As the Red Army prepared to celebrate victory in eastern Europe, the deceased Roosevelt was replaced by his Vice President, Harry Truman, a sixty-year-old former senator from Missouri. Truman immediately brought a new energy to the presidency, as George
Elsey, working in the White House map room, discovered: 'Harry Truman was utterly unlike President Roosevelt in terms of a personal relationship. First of all, our impression of him – here's a guy who can walk. And he was vigorous, physically vigorous. He was only a few years younger than Franklin Roosevelt but in behaviour, attitude, speech and so on one would have thought he was twenty, twenty-five years younger.

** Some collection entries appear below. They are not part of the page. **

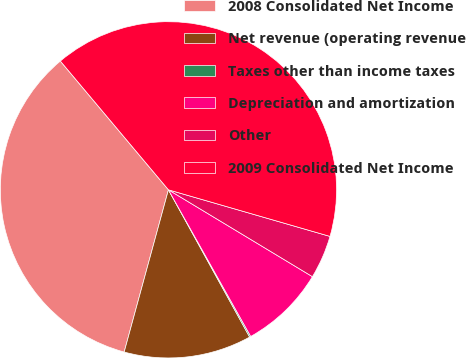Convert chart. <chart><loc_0><loc_0><loc_500><loc_500><pie_chart><fcel>2008 Consolidated Net Income<fcel>Net revenue (operating revenue<fcel>Taxes other than income taxes<fcel>Depreciation and amortization<fcel>Other<fcel>2009 Consolidated Net Income<nl><fcel>34.64%<fcel>12.26%<fcel>0.12%<fcel>8.22%<fcel>4.17%<fcel>40.58%<nl></chart> 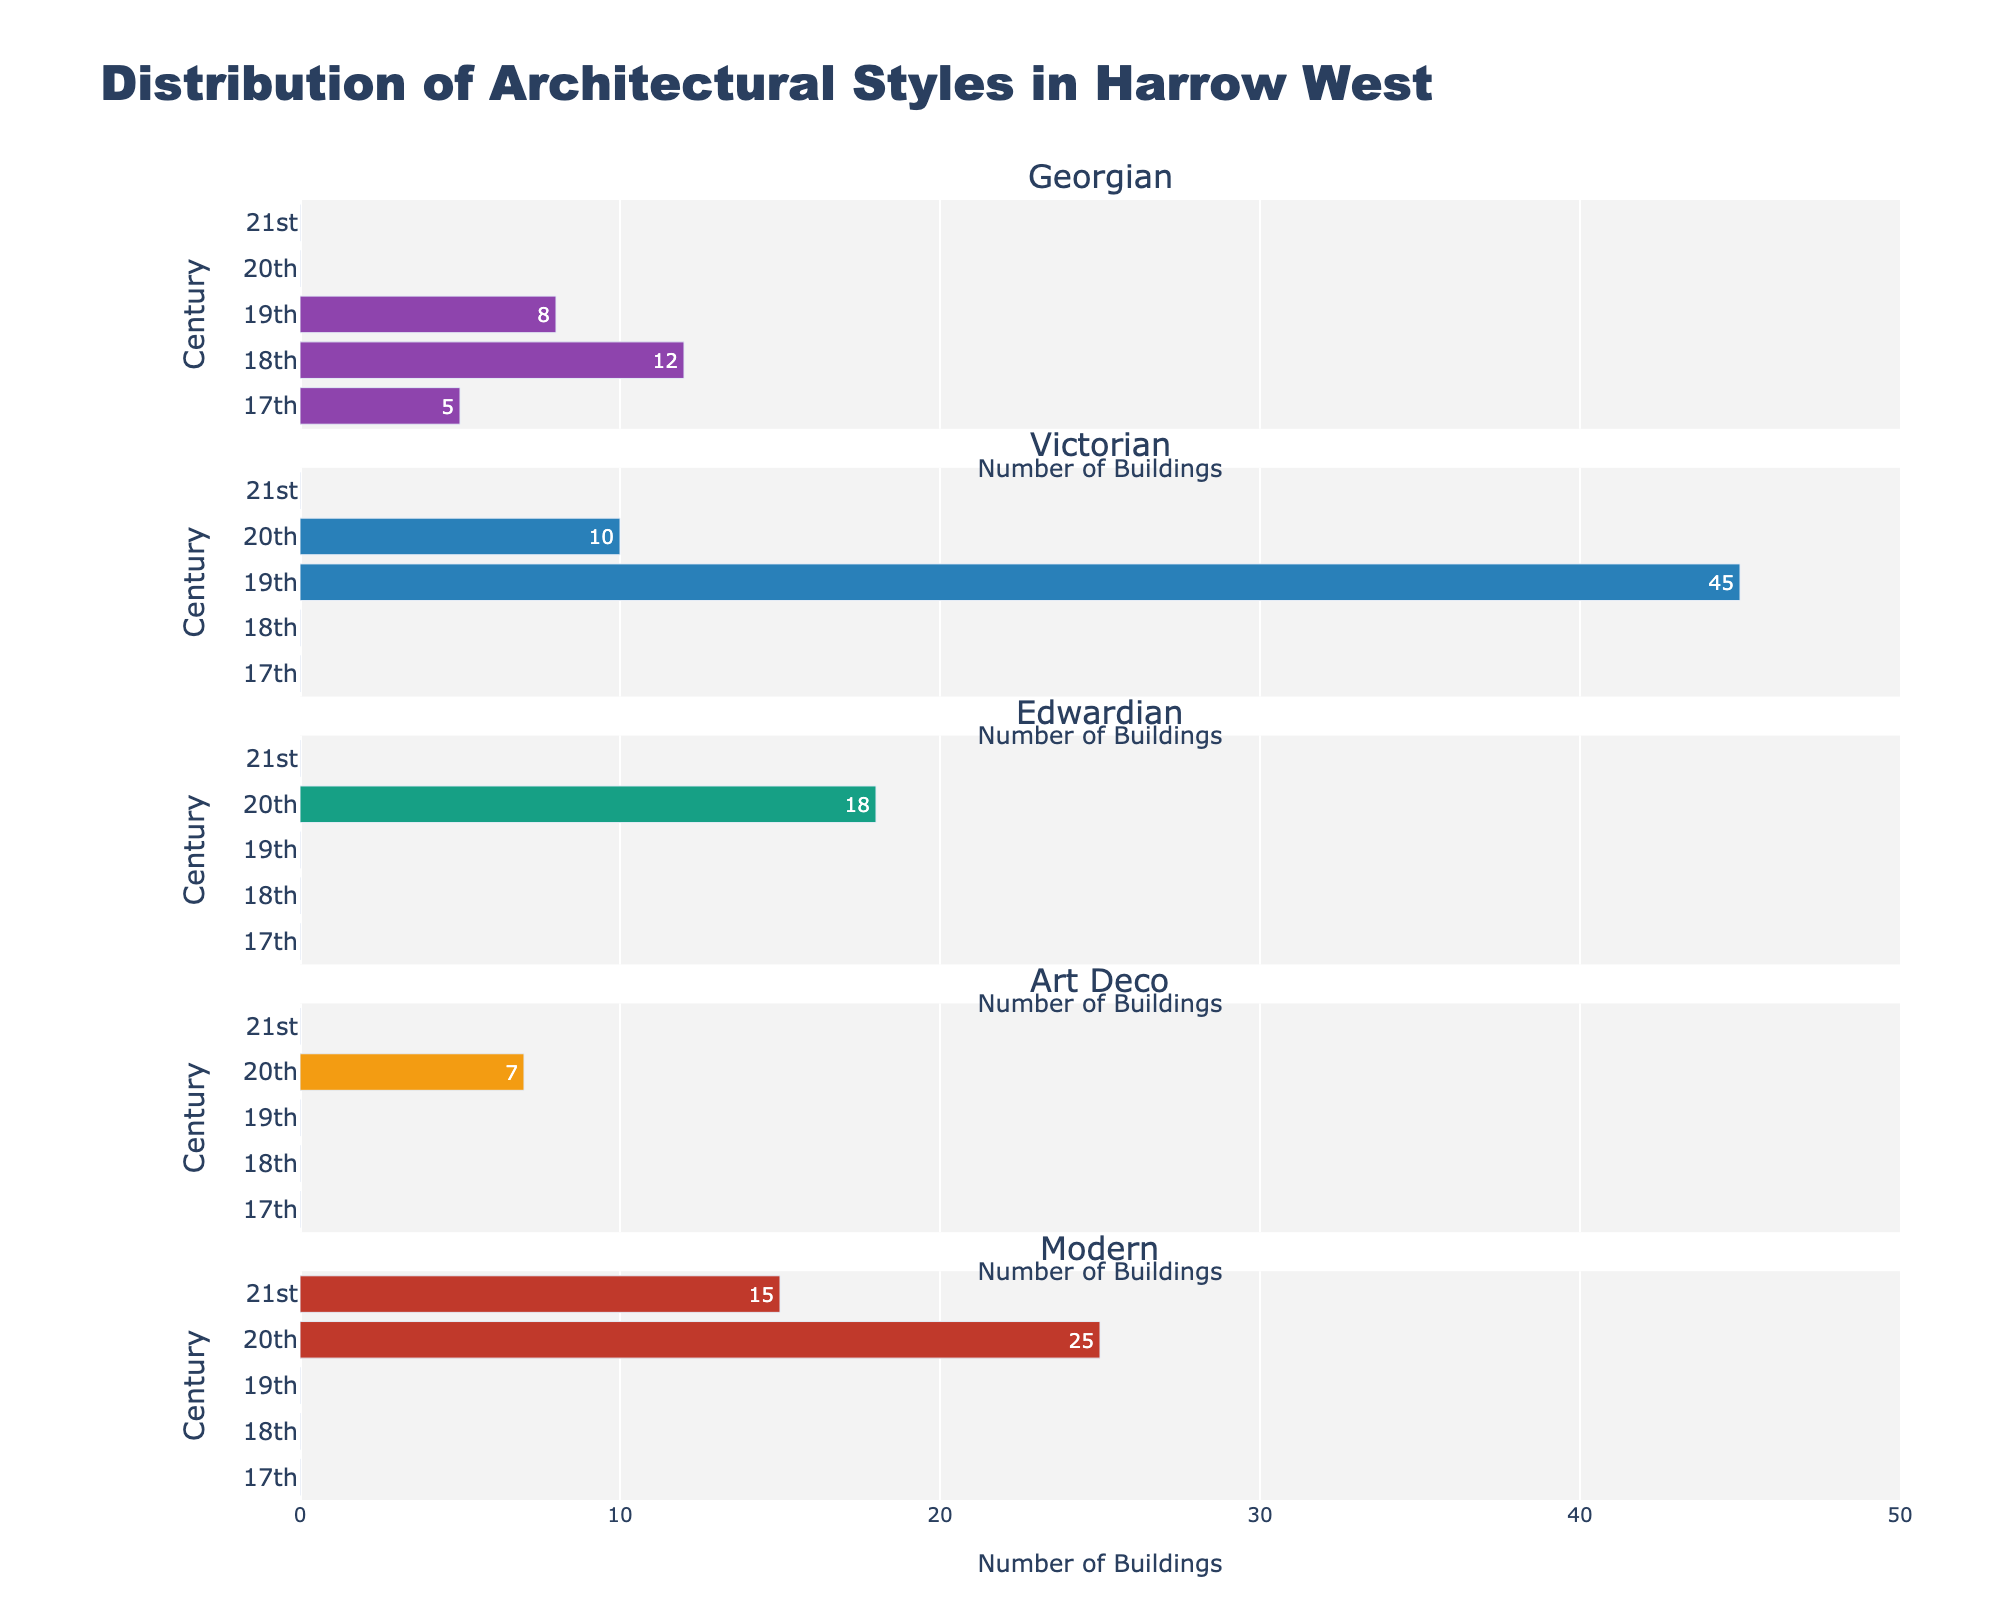What is the title of the figure? The title is prominently displayed at the top of the figure.
Answer: Distribution of Architectural Styles in Harrow West Which century has the most Victorian-style buildings? By looking at the sub-plot titled 'Victorian', identify which century has the highest bar.
Answer: 19th century How many Art Deco buildings were constructed in the 20th century? Locate the 'Art Deco' subplot, find the bar corresponding to the 20th century, and read the value indicated inside the bar.
Answer: 7 Compare the number of Georgian buildings in the 17th and 18th centuries. Which century has more? Look at the 'Georgian' subplot and compare the bar lengths for the 17th and 18th centuries.
Answer: 18th century How many total buildings of all styles were constructed in the 21st century? Add the values of all the styles (Georgian, Victorian, Edwardian, Art Deco, Modern) for the 21st century. Since only Modern buildings are present, it's 15.
Answer: 15 Which architectural style is absent in the 18th century? Check each subplot (Georgian, Victorian, Edwardian, Art Deco, Modern) for bars pertaining to the 18th century. Only Georgian style has a non-zero value in the 18th century.
Answer: Victorian, Edwardian, Art Deco, Modern In which century were the most Modern buildings constructed? Examine the 'Modern' subplot and find which century has the tallest bar.
Answer: 20th century What is the difference between the number of Georgian buildings in the 18th and 19th centuries? Subtract the number of Georgian buildings in the 19th century from those in the 18th century (12 in 18th century - 8 in 19th century).
Answer: 4 Which architectural style saw construction in all centuries from the 17th to the 21st? By looking at each subplot, determine which style has data in every century listed on the y-axis. None of the styles are present in all centuries.
Answer: None 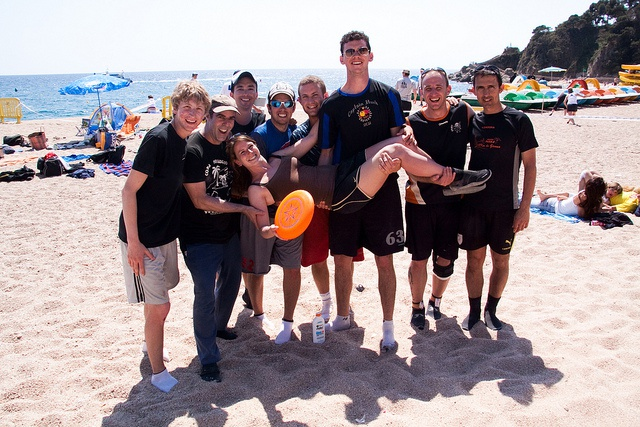Describe the objects in this image and their specific colors. I can see people in white, black, brown, gray, and darkgray tones, people in white, black, maroon, brown, and gray tones, people in white, black, maroon, brown, and gray tones, people in white, black, brown, and maroon tones, and people in white, black, brown, and maroon tones in this image. 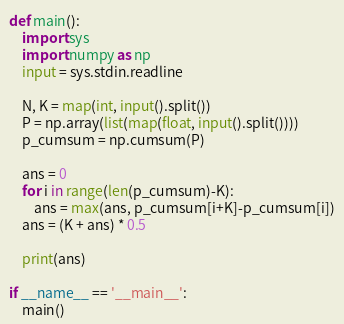Convert code to text. <code><loc_0><loc_0><loc_500><loc_500><_Python_>def main():
    import sys
    import numpy as np
    input = sys.stdin.readline

    N, K = map(int, input().split())
    P = np.array(list(map(float, input().split())))
    p_cumsum = np.cumsum(P)

    ans = 0
    for i in range(len(p_cumsum)-K):
        ans = max(ans, p_cumsum[i+K]-p_cumsum[i])
    ans = (K + ans) * 0.5

    print(ans)

if __name__ == '__main__':
    main()</code> 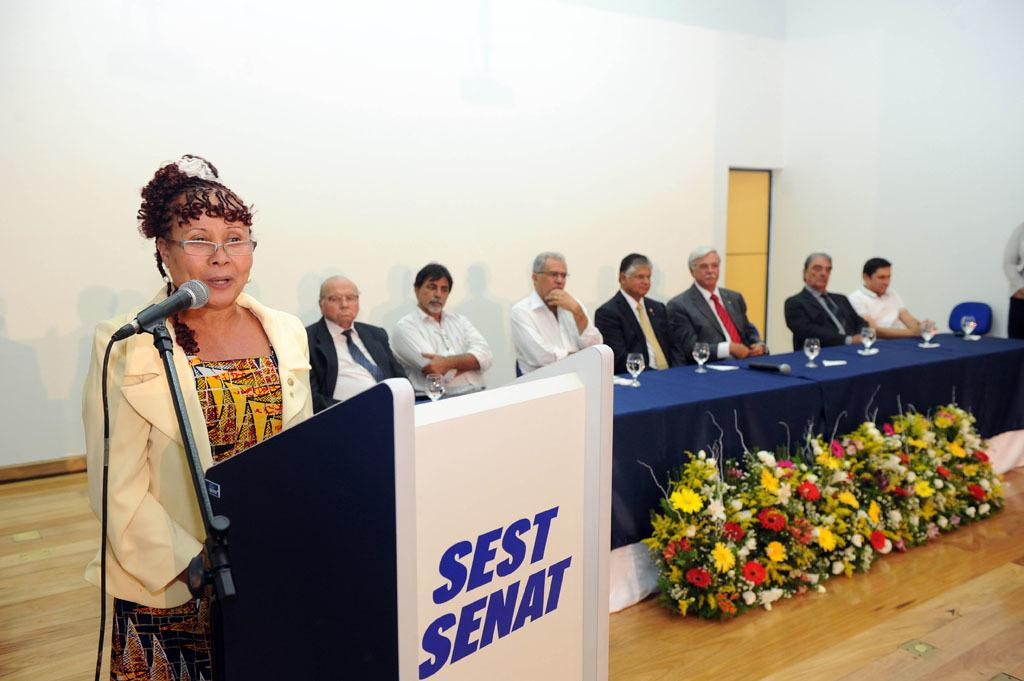Provide a one-sentence caption for the provided image. A woman is speaking at a podium that says "SEST SENAT" in front of a panel of men.

When he first came into the map room he walked briskly around, introduced himself to each of us – “I'm Harry Truman”…and he took an intense interest in what we had in the map room, wanted to read our files…. Truman was open and eager to learn, and was very willing to admit that he didn't know. Roosevelt would never have admitted that he didn't know everything himself.

As for the Soviets, they knew little about this provincial politician – and what they did know, they disliked. After all, it had been Truman who had been quoted in the press as saying, in the immediate aftermath of the German invasion of the Soviet Union in 1941, that the Americans should assist whichever side was losing ‘and that way let them kill as many as possible’.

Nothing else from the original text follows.